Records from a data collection

· · · · · · ·

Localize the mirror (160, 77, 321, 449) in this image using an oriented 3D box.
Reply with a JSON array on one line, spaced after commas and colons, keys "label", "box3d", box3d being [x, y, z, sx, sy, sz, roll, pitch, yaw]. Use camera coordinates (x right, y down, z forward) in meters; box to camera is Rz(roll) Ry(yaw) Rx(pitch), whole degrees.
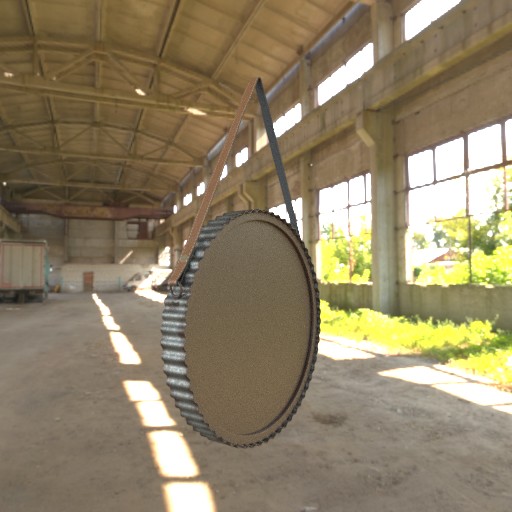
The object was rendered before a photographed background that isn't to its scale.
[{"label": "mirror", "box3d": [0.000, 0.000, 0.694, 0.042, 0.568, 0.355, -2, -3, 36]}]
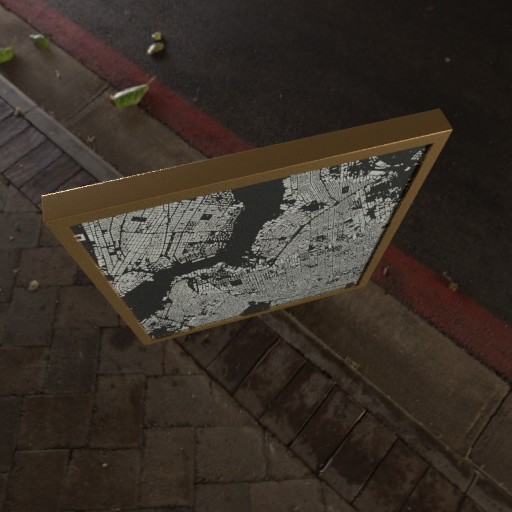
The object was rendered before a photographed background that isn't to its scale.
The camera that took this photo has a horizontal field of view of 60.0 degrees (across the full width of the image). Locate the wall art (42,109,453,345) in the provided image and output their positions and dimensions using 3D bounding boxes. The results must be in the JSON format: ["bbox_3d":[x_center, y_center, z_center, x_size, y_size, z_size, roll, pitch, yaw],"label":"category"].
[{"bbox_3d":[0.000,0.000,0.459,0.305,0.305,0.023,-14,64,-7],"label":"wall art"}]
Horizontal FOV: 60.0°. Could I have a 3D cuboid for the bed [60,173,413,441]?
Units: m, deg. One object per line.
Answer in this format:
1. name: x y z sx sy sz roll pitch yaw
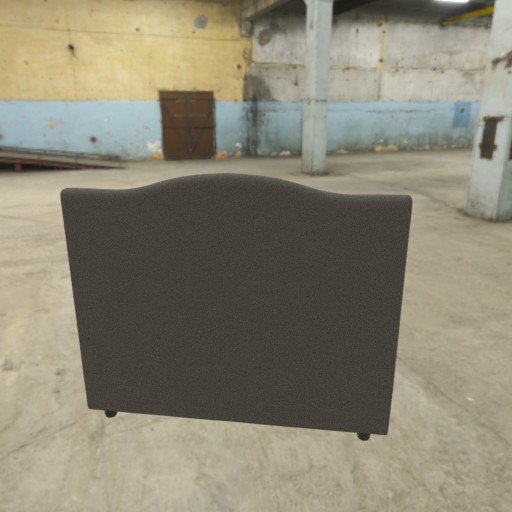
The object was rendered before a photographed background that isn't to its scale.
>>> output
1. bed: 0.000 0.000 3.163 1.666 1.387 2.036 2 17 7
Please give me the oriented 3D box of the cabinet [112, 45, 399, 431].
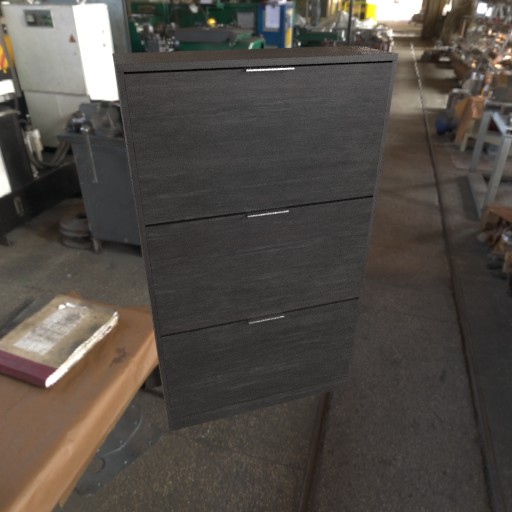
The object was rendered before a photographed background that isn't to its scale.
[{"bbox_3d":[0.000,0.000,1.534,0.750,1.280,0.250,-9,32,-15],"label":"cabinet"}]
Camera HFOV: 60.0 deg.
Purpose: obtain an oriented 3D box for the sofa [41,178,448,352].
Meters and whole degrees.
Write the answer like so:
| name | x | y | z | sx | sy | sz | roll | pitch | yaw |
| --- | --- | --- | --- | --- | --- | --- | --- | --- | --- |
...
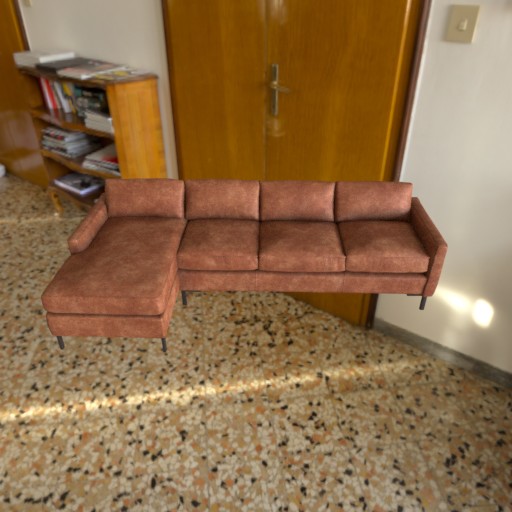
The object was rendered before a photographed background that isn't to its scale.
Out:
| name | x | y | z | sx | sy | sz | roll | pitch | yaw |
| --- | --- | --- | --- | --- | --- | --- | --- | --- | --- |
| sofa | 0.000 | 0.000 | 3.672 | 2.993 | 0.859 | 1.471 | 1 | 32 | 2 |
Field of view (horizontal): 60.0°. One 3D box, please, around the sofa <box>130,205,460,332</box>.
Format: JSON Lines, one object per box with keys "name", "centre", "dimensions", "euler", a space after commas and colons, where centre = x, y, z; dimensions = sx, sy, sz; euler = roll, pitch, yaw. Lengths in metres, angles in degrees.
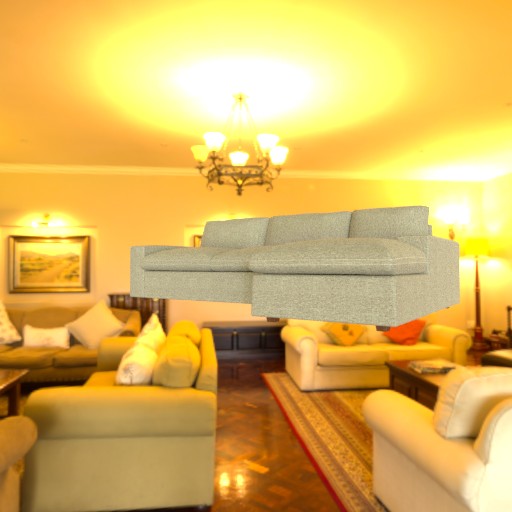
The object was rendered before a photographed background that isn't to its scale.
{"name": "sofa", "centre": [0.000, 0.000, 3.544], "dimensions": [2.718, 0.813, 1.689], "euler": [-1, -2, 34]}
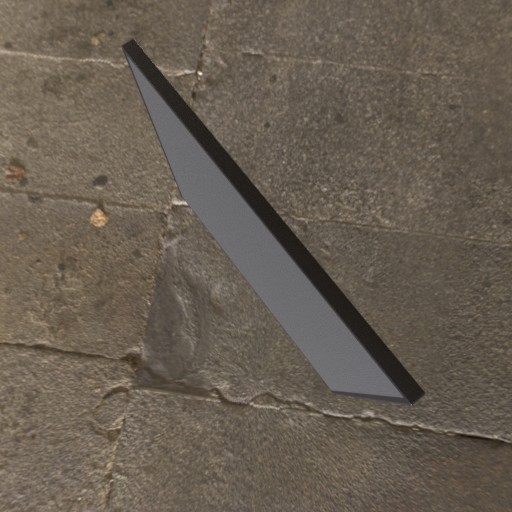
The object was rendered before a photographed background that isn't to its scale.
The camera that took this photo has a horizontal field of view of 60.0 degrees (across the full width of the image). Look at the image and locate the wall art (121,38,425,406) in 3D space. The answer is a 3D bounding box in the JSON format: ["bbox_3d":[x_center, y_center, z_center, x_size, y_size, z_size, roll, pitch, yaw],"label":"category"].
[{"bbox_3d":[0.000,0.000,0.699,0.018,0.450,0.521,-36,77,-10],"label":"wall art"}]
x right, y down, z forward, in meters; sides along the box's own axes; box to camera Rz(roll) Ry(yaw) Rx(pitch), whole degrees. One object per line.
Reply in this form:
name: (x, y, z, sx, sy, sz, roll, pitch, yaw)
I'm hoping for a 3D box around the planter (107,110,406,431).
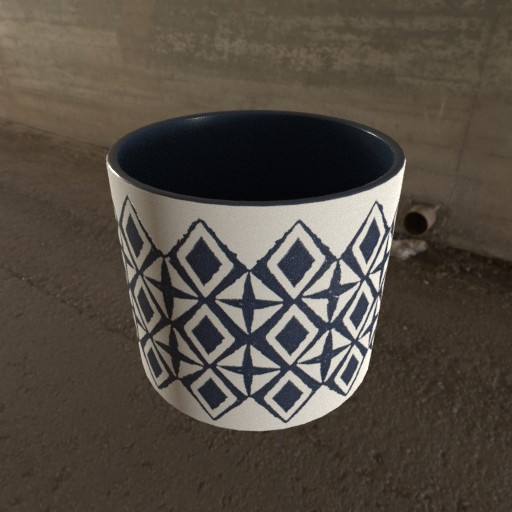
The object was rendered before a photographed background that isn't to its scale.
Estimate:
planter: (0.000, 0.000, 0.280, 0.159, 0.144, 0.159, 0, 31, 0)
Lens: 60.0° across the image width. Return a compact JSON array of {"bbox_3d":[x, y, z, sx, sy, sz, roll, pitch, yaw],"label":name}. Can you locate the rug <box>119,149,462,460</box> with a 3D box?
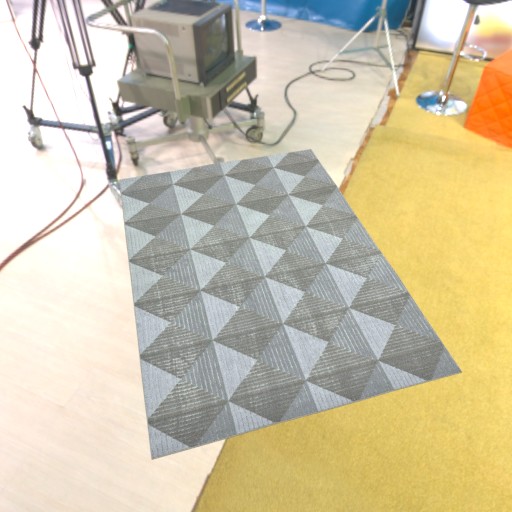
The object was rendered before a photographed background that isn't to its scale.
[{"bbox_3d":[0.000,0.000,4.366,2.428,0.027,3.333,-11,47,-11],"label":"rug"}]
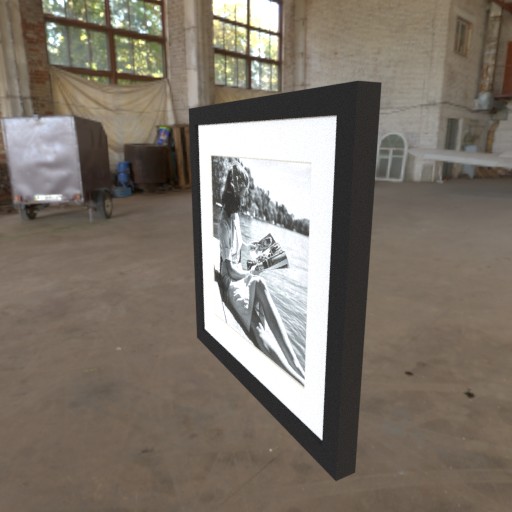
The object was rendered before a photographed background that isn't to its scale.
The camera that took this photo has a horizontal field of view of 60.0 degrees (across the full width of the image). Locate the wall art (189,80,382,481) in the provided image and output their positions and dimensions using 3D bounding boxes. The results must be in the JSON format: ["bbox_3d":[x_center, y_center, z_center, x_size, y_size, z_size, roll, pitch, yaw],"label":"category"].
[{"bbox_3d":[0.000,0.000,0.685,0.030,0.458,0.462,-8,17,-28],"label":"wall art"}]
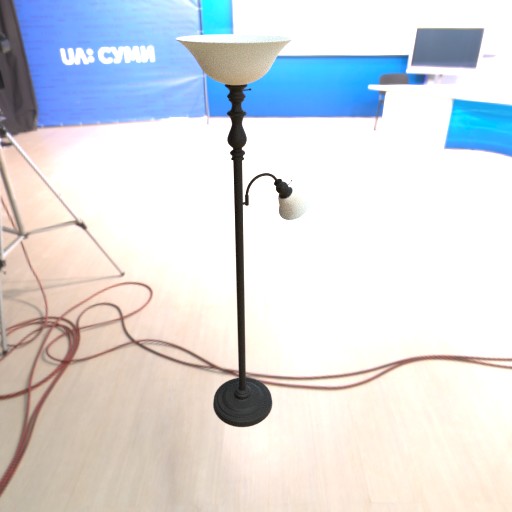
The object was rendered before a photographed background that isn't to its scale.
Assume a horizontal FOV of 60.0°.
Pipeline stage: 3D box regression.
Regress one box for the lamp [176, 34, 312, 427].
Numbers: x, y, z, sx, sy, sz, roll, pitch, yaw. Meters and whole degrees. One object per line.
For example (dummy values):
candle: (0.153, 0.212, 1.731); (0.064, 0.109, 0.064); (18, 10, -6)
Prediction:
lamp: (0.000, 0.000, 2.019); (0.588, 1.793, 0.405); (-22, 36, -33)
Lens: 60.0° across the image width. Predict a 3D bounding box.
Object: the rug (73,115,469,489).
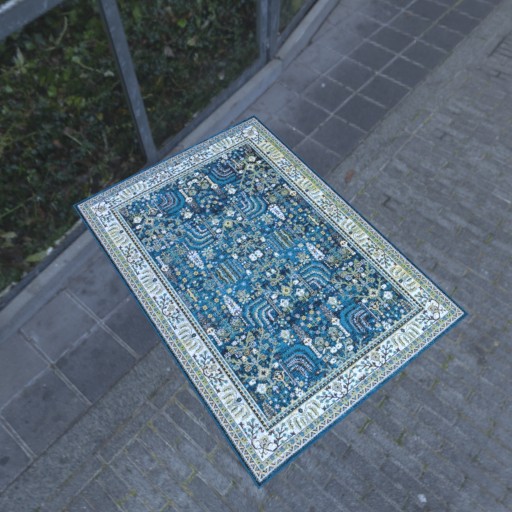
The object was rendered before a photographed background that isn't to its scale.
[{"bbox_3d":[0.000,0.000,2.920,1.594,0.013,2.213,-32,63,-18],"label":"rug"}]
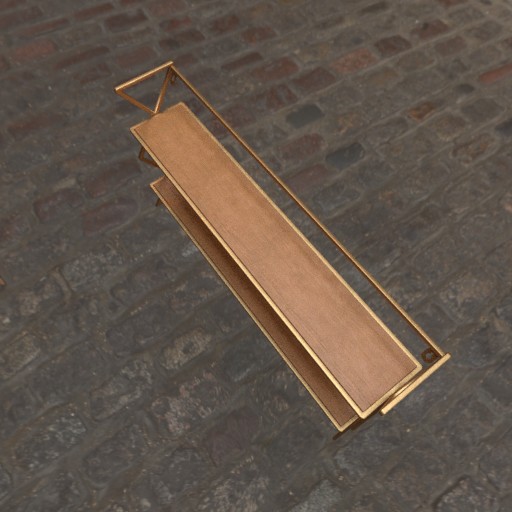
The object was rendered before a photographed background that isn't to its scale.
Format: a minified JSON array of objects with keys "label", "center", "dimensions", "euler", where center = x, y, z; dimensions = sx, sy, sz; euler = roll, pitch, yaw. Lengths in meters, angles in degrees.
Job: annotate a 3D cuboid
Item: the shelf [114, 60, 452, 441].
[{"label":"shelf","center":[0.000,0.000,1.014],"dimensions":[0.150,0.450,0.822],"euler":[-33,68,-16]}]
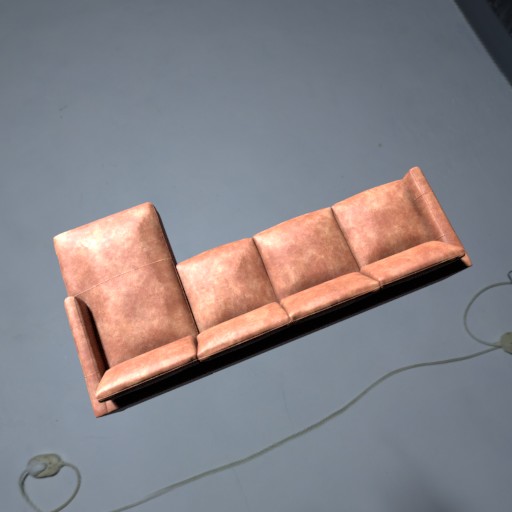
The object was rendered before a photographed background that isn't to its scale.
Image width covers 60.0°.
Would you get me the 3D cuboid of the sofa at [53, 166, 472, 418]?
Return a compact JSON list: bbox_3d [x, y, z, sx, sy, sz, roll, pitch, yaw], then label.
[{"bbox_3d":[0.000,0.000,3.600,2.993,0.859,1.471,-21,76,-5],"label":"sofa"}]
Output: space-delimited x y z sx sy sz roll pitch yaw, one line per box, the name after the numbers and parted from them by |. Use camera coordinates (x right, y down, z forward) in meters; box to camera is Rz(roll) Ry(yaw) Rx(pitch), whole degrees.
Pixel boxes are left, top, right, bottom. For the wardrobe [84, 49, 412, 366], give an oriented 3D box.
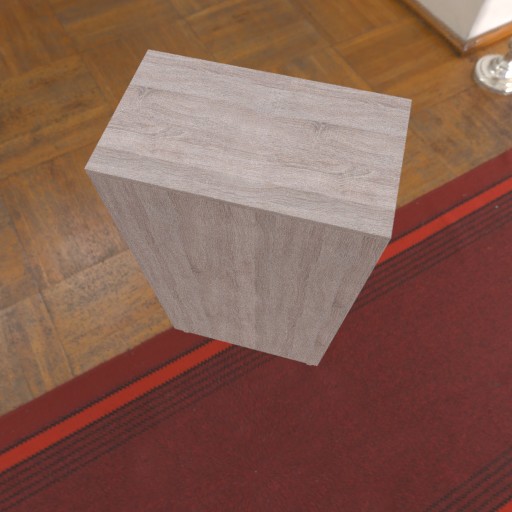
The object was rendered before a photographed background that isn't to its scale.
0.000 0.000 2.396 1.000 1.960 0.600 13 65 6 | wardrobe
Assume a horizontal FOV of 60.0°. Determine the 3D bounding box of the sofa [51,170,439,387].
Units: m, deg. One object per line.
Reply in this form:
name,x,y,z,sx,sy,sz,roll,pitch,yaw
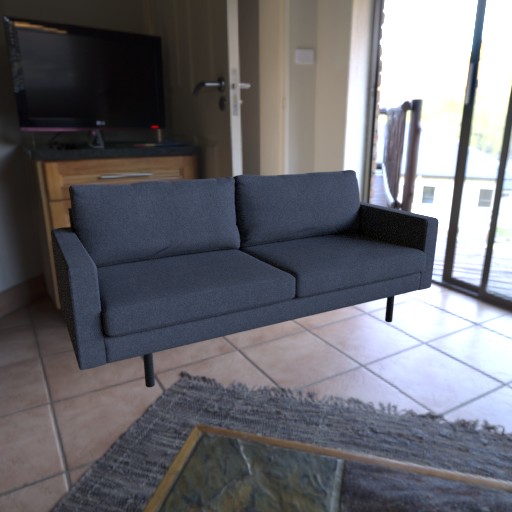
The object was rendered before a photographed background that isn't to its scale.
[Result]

· · · · · · ·

Print all data above verbatim, except pictures.

- **WRITTEN SOLUTION**
Localize the mirror (160, 77, 321, 449) in this image using an oriented 3D box.
Reply with a JSON array on one line, spaced after commas and colons, keys "label", "box3d", box3d being [x, y, z, sx, sy, sz, roll, pitch, yaw]. Use camera coordinates (x right, y down, z forward) in meters; box to camera is Rz(roll) Ry(yaw) Rx(pitch), whole degrees.
The object was rendered before a photographed background that isn't to its scale.
[{"label": "mirror", "box3d": [0.000, 0.000, 0.694, 0.042, 0.568, 0.355, -2, -3, 36]}]
The object was rendered before a photographed background that isn't to its scale.
The camera that took this photo has a horizontal field of view of 60.0 degrees (across the full width of the image). Locate the wall art (42,109,453,345) in the provided image and output their positions and dimensions using 3D bounding boxes. The results must be in the JSON format: ["bbox_3d":[x_center, y_center, z_center, x_size, y_size, z_size, roll, pitch, yaw],"label":"category"].
[{"bbox_3d":[0.000,0.000,0.459,0.305,0.305,0.023,-14,64,-7],"label":"wall art"}]
Horizontal FOV: 60.0°. Could I have a 3D cuboid for the bed [60,173,413,441]?
Units: m, deg. One object per line.
Answer in this format:
1. name: x y z sx sy sz roll pitch yaw
The object was rendered before a photographed background that isn't to its scale.
>>> output
1. bed: 0.000 0.000 3.163 1.666 1.387 2.036 2 17 7
Please give me the oriented 3D box of the cabinet [112, 45, 399, 431].
The object was rendered before a photographed background that isn't to its scale.
[{"bbox_3d":[0.000,0.000,1.534,0.750,1.280,0.250,-9,32,-15],"label":"cabinet"}]
Camera HFOV: 60.0 deg.
Purpose: obtain an oriented 3D box for the sofa [41,178,448,352].
Meters and whole degrees.
Write the answer like so:
| name | x | y | z | sx | sy | sz | roll | pitch | yaw |
| --- | --- | --- | --- | --- | --- | --- | --- | --- | --- |
...
The object was rendered before a photographed background that isn't to its scale.
Out:
| name | x | y | z | sx | sy | sz | roll | pitch | yaw |
| --- | --- | --- | --- | --- | --- | --- | --- | --- | --- |
| sofa | 0.000 | 0.000 | 3.672 | 2.993 | 0.859 | 1.471 | 1 | 32 | 2 |
Field of view (horizontal): 60.0°. One 3D box, please, around the sofa <box>130,205,460,332</box>.
Format: JSON Lines, one object per box with keys "name", "centre", "dimensions", "euler", a space after commas and colons, where centre = x, y, z; dimensions = sx, sy, sz; euler = roll, pitch, yaw. Lengths in metres, angles in degrees.
The object was rendered before a photographed background that isn't to its scale.
{"name": "sofa", "centre": [0.000, 0.000, 3.544], "dimensions": [2.718, 0.813, 1.689], "euler": [-1, -2, 34]}
The object was rendered before a photographed background that isn't to its scale.
The camera that took this photo has a horizontal field of view of 60.0 degrees (across the full width of the image). Look at the image and locate the wall art (121,38,425,406) in 3D space. The answer is a 3D bounding box in the JSON format: ["bbox_3d":[x_center, y_center, z_center, x_size, y_size, z_size, roll, pitch, yaw],"label":"category"].
[{"bbox_3d":[0.000,0.000,0.699,0.018,0.450,0.521,-36,77,-10],"label":"wall art"}]
x right, y down, z forward, in meters; sides along the box's own axes; box to camera Rz(roll) Ry(yaw) Rx(pitch), whole degrees. One object per line.
Reply in this form:
name: (x, y, z, sx, sy, sz, roll, pitch, yaw)
I'm hoping for a 3D box around the planter (107,110,406,431).
The object was rendered before a photographed background that isn't to its scale.
Estimate:
planter: (0.000, 0.000, 0.280, 0.159, 0.144, 0.159, 0, 31, 0)
Lens: 60.0° across the image width. Return a compact JSON array of {"bbox_3d":[x, y, z, sx, sy, sz, roll, pitch, yaw],"label":name}. Can you locate the rug <box>119,149,462,460</box> with a 3D box?
The object was rendered before a photographed background that isn't to its scale.
[{"bbox_3d":[0.000,0.000,4.366,2.428,0.027,3.333,-11,47,-11],"label":"rug"}]
The object was rendered before a photographed background that isn't to its scale.
The camera that took this photo has a horizontal field of view of 60.0 degrees (across the full width of the image). Locate the wall art (189,80,382,481) in the provided image and output their positions and dimensions using 3D bounding boxes. The results must be in the JSON format: ["bbox_3d":[x_center, y_center, z_center, x_size, y_size, z_size, roll, pitch, yaw],"label":"category"].
[{"bbox_3d":[0.000,0.000,0.685,0.030,0.458,0.462,-8,17,-28],"label":"wall art"}]
The object was rendered before a photographed background that isn't to its scale.
Assume a horizontal FOV of 60.0°.
Pipeline stage: 3D box regression.
Regress one box for the lamp [176, 34, 312, 427].
Numbers: x, y, z, sx, sy, sz, roll, pitch, yaw. Meters and whole degrees. One object per line.
For example (dummy values):
candle: (0.153, 0.212, 1.731); (0.064, 0.109, 0.064); (18, 10, -6)
Prediction:
lamp: (0.000, 0.000, 2.019); (0.588, 1.793, 0.405); (-22, 36, -33)
Lens: 60.0° across the image width. Predict a 3D bounding box.
Object: the rug (73,115,469,489).
The object was rendered before a photographed background that isn't to its scale.
[{"bbox_3d":[0.000,0.000,2.920,1.594,0.013,2.213,-32,63,-18],"label":"rug"}]
The object was rendered before a photographed background that isn't to its scale.
Format: a minified JSON array of objects with keys "label", "center", "dimensions", "euler", where center = x, y, z; dimensions = sx, sy, sz; euler = roll, pitch, yaw. Lengths in meters, angles in degrees.
Job: annotate a 3D cuboid
Item: the shelf [114, 60, 452, 441].
[{"label":"shelf","center":[0.000,0.000,1.014],"dimensions":[0.150,0.450,0.822],"euler":[-33,68,-16]}]
The object was rendered before a photographed background that isn't to its scale.
Image width covers 60.0°.
Would you get me the 3D cuboid of the sofa at [53, 166, 472, 418]?
Return a compact JSON list: bbox_3d [x, y, z, sx, sy, sz, roll, pitch, yaw], then label.
[{"bbox_3d":[0.000,0.000,3.600,2.993,0.859,1.471,-21,76,-5],"label":"sofa"}]
Output: space-delimited x y z sx sy sz roll pitch yaw, one line per box, the name after the numbers and parted from them by |. Use camera coordinates (x right, y down, z forward) in meters; box to camera is Rz(roll) Ry(yaw) Rx(pitch), whole degrees.
Pixel boxes are left, top, right, bottom. For the wardrobe [84, 49, 412, 366], give an oriented 3D box.
The object was rendered before a photographed background that isn't to its scale.
0.000 0.000 2.396 1.000 1.960 0.600 13 65 6 | wardrobe
Assume a horizontal FOV of 60.0°. Determine the 3D bounding box of the sofa [51,170,439,387].
Units: m, deg. One object per line.
Reply in this form:
name,x,y,z,sx,sy,sz,roll,pitch,yaw
The object was rendered before a photographed background that isn't to its scale.
[Result]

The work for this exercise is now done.